● **Dataset records**
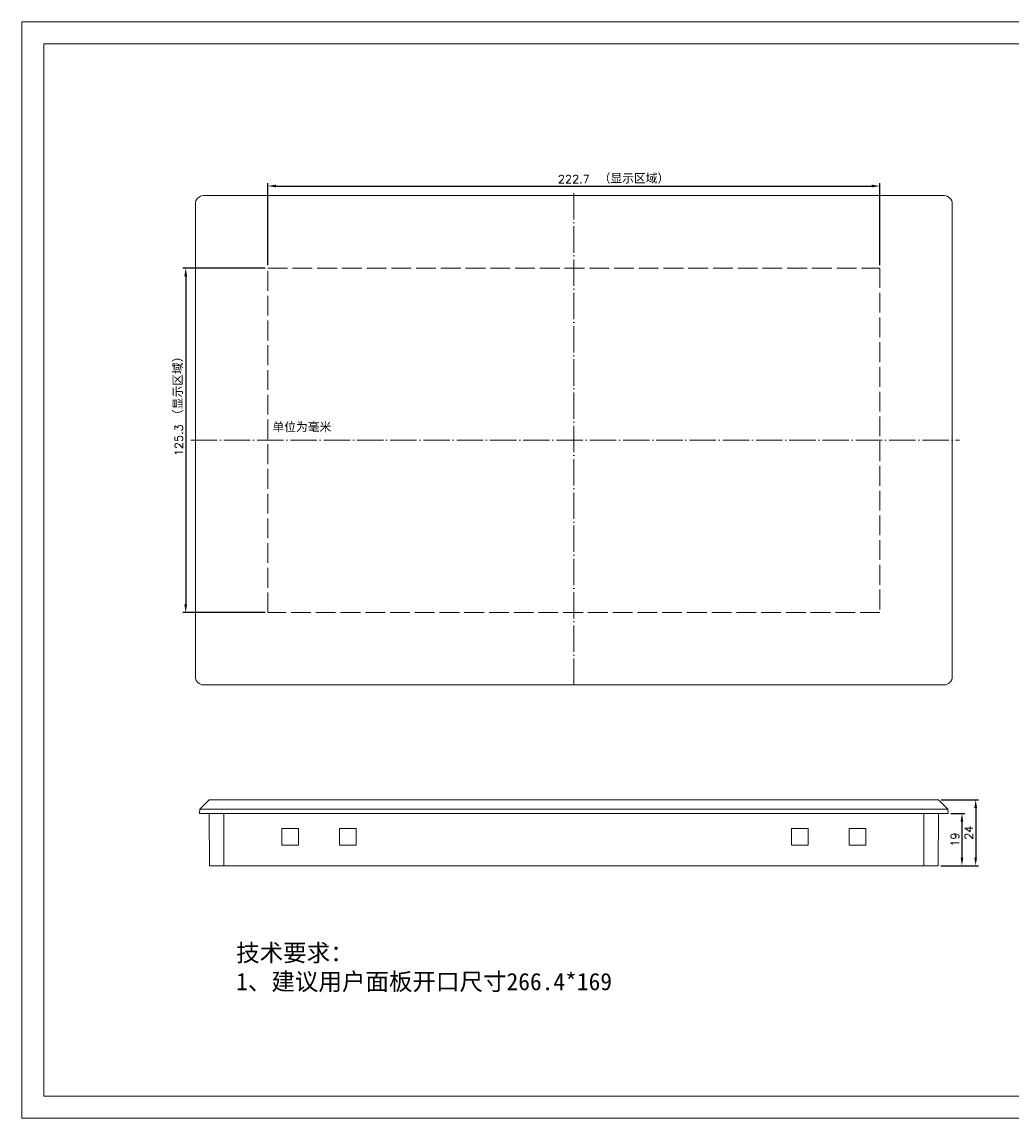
# Model space of a CAD drawing. Header units: millimetres. Extents: x 108 to 827, y -3177 to -2779.
# Tile 1 of 2: x 108 to 467, y -3177 to -2779. Entities that reach past the tile are written whole.
import ezdxf

# ---------------------------------------------------------------- set-up
doc = ezdxf.new("R2010")
doc.units = ezdxf.units.MM
doc.header["$LTSCALE"] = 0.2
doc.linetypes.add('ACAD_ISO02W100', pattern=[15, 12, -3])
doc.linetypes.add('ACAD_ISO04W100', pattern=[30, 24, -3, 0, -3])
doc.layers.get('0').update_dxf_attribs({"lineweight": 18})
doc.layers.add('1', color=7, linetype='Continuous', lineweight=18)
doc.layers.add('标注', color=1, linetype='Continuous', lineweight=0)
doc.styles.get("Standard").update_dxf_attribs({"font": 'txt.shx', "bigfont": 'gbcbig.shx'})
doc.dimstyles.new('ISO-25', dxfattribs={"dimtxt": 3, "dimasz": 3, "dimexe": 1, "dimexo": 1, "dimgap": 1, "dimtad": 1, "dimdsep": 46, "dimtxsty": 'Standard', "dimcen": 2.5, "dimdle": 6, "dimadec": 0, "dimazin": 0, "dimtfac": 1, "dimtmove": 0, "dimatfit": 3, "dimfxl": 0, "dimarcsym": 0})

# ---------------------------------------------------------------- blocks, each defined once
blk = doc.blocks.new('*X2')
for points in [[(199.96, -2837.79), (199.96, -2838.79), (196.96, -2838.29)], [(416.66, -2837.79), (416.66, -2838.79), (419.66, -2838.29)]]:
    blk.add_hatch(color=0).paths.add_polyline_path(points, flags=0)
at = {"color": 0, "linetype": 'Continuous', "lineweight": -2}
for p, q in [((196.96, -2867.14), (196.96, -2837.29)), ((199.96, -2838.29), (416.66, -2838.29)), ((419.66, -2867.14), (419.66, -2837.29))]:
    blk.add_line(p, q, dxfattribs=at)
at = {"color": 0, "insert": (308.31, -2835.79), "char_height": 3, "width": 36, "attachment_point": 5}
blk.add_mtext('222.7', dxfattribs=at)
blk = doc.blocks.new('*X3')
for points in [[(166.61, -2871.14), (167.61, -2871.14), (167.11, -2868.14)], [(166.61, -2990.44), (167.61, -2990.44), (167.11, -2993.44)]]:
    blk.add_hatch(color=0).paths.add_polyline_path(points, flags=0)
at = {"color": 0, "linetype": 'Continuous', "lineweight": -2}
for p, q in [((195.96, -2868.14), (166.11, -2868.14)), ((167.11, -2871.14), (167.11, -2990.44)), ((195.96, -2993.44), (166.11, -2993.44))]:
    blk.add_line(p, q, dxfattribs=at)
at = {"color": 0, "insert": (164.61, -2930.79), "char_height": 3, "width": 34.7143, "attachment_point": 5, "rotation": 90}
blk.add_mtext('125.3', dxfattribs=at)
blk = doc.blocks.new('*X4')
for points in [[(449.01, -3069.61), (450.01, -3069.61), (449.51, -3066.61)], [(449.01, -3082.61), (450.01, -3082.61), (449.51, -3085.61)]]:
    blk.add_hatch(color=0).paths.add_polyline_path(points, flags=0)
at = {"color": 0, "linetype": 'Continuous', "lineweight": -2}
for p, q in [((445.51, -3066.61), (450.51, -3066.61)), ((449.51, -3069.61), (449.51, -3082.61)), ((441.81, -3085.61), (450.51, -3085.61))]:
    blk.add_line(p, q, dxfattribs=at)
at = {"color": 0, "insert": (447.01, -3076.11), "char_height": 3, "width": 12.8571, "attachment_point": 5, "rotation": 90}
blk.add_mtext('19', dxfattribs=at)
blk = doc.blocks.new('*X5')
for points in [[(454.01, -3064.61), (455.01, -3064.61), (454.51, -3061.61)], [(454.01, -3082.61), (455.01, -3082.61), (454.51, -3085.61)]]:
    blk.add_hatch(color=0).paths.add_polyline_path(points, flags=0)
at = {"color": 0, "linetype": 'Continuous', "lineweight": -2}
for p, q in [((442.01, -3061.61), (455.51, -3061.61)), ((454.51, -3064.61), (454.51, -3082.61)), ((441.81, -3085.61), (455.51, -3085.61))]:
    blk.add_line(p, q, dxfattribs=at)
at = {"color": 0, "insert": (452.01, -3073.61), "char_height": 3, "width": 15, "attachment_point": 5, "rotation": 90}
blk.add_mtext('24', dxfattribs=at)

msp = doc.modelspace()

# ---------------------------------------------------------------- linework, layer by layer
at = {"linetype": 'ACAD_ISO04W100', "ltscale": 2}
for p, q in [((308.312, -2840.844), (308.312, -3020.732)), ((168.914, -2930.794), (448.586, -2930.794))]:
    msp.add_line(p, q, dxfattribs=at)
msp.add_line((433.16, -3169.421), (640.24, -3169.421))
for points in [[(827.253, -3177.421), (107.524, -3177.421), (107.524, -2778.584), (827.253, -2778.584)], [(819.253, -3169.421), (115.524, -3169.421), (115.524, -2786.584), (819.253, -2786.584)]]:
    msp.add_lwpolyline(points, close=True)
msp.add_lwpolyline([(173.612, -2841.794), (443.012, -2841.794, -0.4142136), (446.012, -2844.794), (446.012, -3016.794, -0.4142136), (443.012, -3019.794), (173.612, -3019.794, -0.4142136), (170.612, -3016.794), (170.612, -2844.794, -0.4142136)], format="xyb", close=True)
at = {"color": 1, "linetype": 'ACAD_ISO02W100', "ltscale": 3}
msp.add_lwpolyline([(196.962, -2868.144), (419.662, -2868.144), (419.662, -2993.444), (196.962, -2993.444)], close=True, dxfattribs=at)
at = {"layer": '1', "color": 0, "linetype": 'Continuous', "lineweight": 13}
for p, q in [((175.612, -3061.613), (172.195, -3065.03)), ((175.612, -3061.613), (441.012, -3061.613)), ((441.012, -3061.613), (444.429, -3065.03)), ((172.112, -3066.613), (172.195, -3065.03)), ((172.112, -3066.613), (444.512, -3066.613)), ((172.195, -3065.03), (444.429, -3065.03)), ((175.814, -3085.613), (175.631, -3066.613)), ((181.012, -3085.613), (181.012, -3066.613)), ((435.612, -3085.613), (435.612, -3066.613)), ((440.811, -3085.613), (440.993, -3066.613)), ((444.512, -3066.613), (444.429, -3065.03)), ((202.112, -3078.113), (202.112, -3072.113)), ((202.112, -3072.113), (208.112, -3072.113)), ((208.112, -3072.113), (208.112, -3078.113)), ((223.112, -3078.113), (223.112, -3072.113)), ((223.112, -3072.113), (229.112, -3072.113)), ((229.112, -3072.113), (229.112, -3078.113)), ((387.512, -3072.113), (393.512, -3072.113)), ((387.512, -3078.113), (387.512, -3072.113)), ((393.512, -3072.113), (393.512, -3078.113)), ((408.512, -3072.113), (414.512, -3072.113)), ((408.512, -3078.113), (408.512, -3072.113)), ((414.512, -3072.113), (414.512, -3078.113)), ((208.112, -3078.113), (202.112, -3078.113)), ((229.112, -3078.113), (223.112, -3078.113)), ((393.512, -3078.113), (387.512, -3078.113)), ((414.512, -3078.113), (408.512, -3078.113)), ((181.012, -3085.613), (175.814, -3085.613)), ((435.612, -3085.613), (181.012, -3085.613)), ((440.811, -3085.613), (435.612, -3085.613))]:
    msp.add_line(p, q, dxfattribs=at)

# ---------------------------------------------------------------- texts
at = {"lineweight": 0, "char_height": 3.13578, "attachment_point": 1}
for s, insert, width in [('{\\fSimSun|b0|i0|c0|p46;\\C1;（显示区域）}', (317.362, -2833.9), 27.41743), ('{\\fSimSun|b0|i0|c0|p46;单位为毫米}', (198.674, -2924.39), 57.7248)]:
    msp.add_mtext(s, dxfattribs=dict(at, insert=insert, width=width))
at = {"lineweight": 0, "insert": (162.644, -2923.806), "char_height": 3.13578, "width": 27.41743, "attachment_point": 1, "rotation": 90}
msp.add_mtext('{\\fSimSun|b0|i0|c0|p46;\\C1;（显示区域）}', dxfattribs=at)
at = {"layer": '标注', "insert": (185.458, -3114.166), "char_height": 6.27157, "width": 205.28939, "attachment_point": 1}
msp.add_mtext('{\\fSimSun|b0|i0|c0|p46;技术要求：\\P1、建议用户面板开口尺寸266.4*169}', dxfattribs=at)

# ---------------------------------------------------------------- dimensions: what is measured, and where the dimension line sits
dim = msp.add_linear_dim(base=(419.662, -2838.294), p1=(196.962, -2868.144), p2=(419.662, -2868.144), dimstyle='ISO-25', override={"dimsah": 1, "dimtolj": 1, "dimtzin": 8, "dimarcsym": 1})
dim.commit()
dim.dimension.update_dxf_attribs({"geometry": '*X2', "text_midpoint": (308.312, -2838.294), "dimtype": 160})
for base, p1, p2, picture, middle in [((167.112, -2993.444), (196.962, -2868.144), (196.962, -2993.444), '*X3', (167.112, -2930.794)), ((454.512, -3085.613), (441.012, -3061.613), (440.811, -3085.613), '*X5', (454.512, -3073.613)), ((449.512, -3085.613), (444.512, -3066.613), (440.811, -3085.613), '*X4', (449.512, -3076.113))]:
    dim = msp.add_linear_dim(base=base, p1=p1, p2=p2, angle=90, dimstyle='ISO-25', override={"dimsah": 1, "dimtolj": 1, "dimtzin": 8, "dimarcsym": 1})
    dim.commit()
    dim.dimension.update_dxf_attribs({"geometry": picture, "text_midpoint": middle, "dimtype": 160})

doc.saveas('drawing.dxf')

● **HOW TO COMPLETE THIS TASK**
From the records above, quote only the lines running from the line with "blk.add_mtext('24', dxfattribs=at)" to the line with "msp.add_lwpolyline(points, close=True)", both lines included.

● **OUTPUT FOR THIS EXERCISE**
blk.add_mtext('24', dxfattribs=at)

msp = doc.modelspace()

# ---------------------------------------------------------------- linework, layer by layer
at = {"linetype": 'ACAD_ISO04W100', "ltscale": 2}
for p, q in [((308.312, -2840.844), (308.312, -3020.732)), ((168.914, -2930.794), (448.586, -2930.794))]:
    msp.add_line(p, q, dxfattribs=at)
msp.add_line((433.16, -3169.421), (640.24, -3169.421))
for points in [[(827.253, -3177.421), (107.524, -3177.421), (107.524, -2778.584), (827.253, -2778.584)], [(819.253, -3169.421), (115.524, -3169.421), (115.524, -2786.584), (819.253, -2786.584)]]:
    msp.add_lwpolyline(points, close=True)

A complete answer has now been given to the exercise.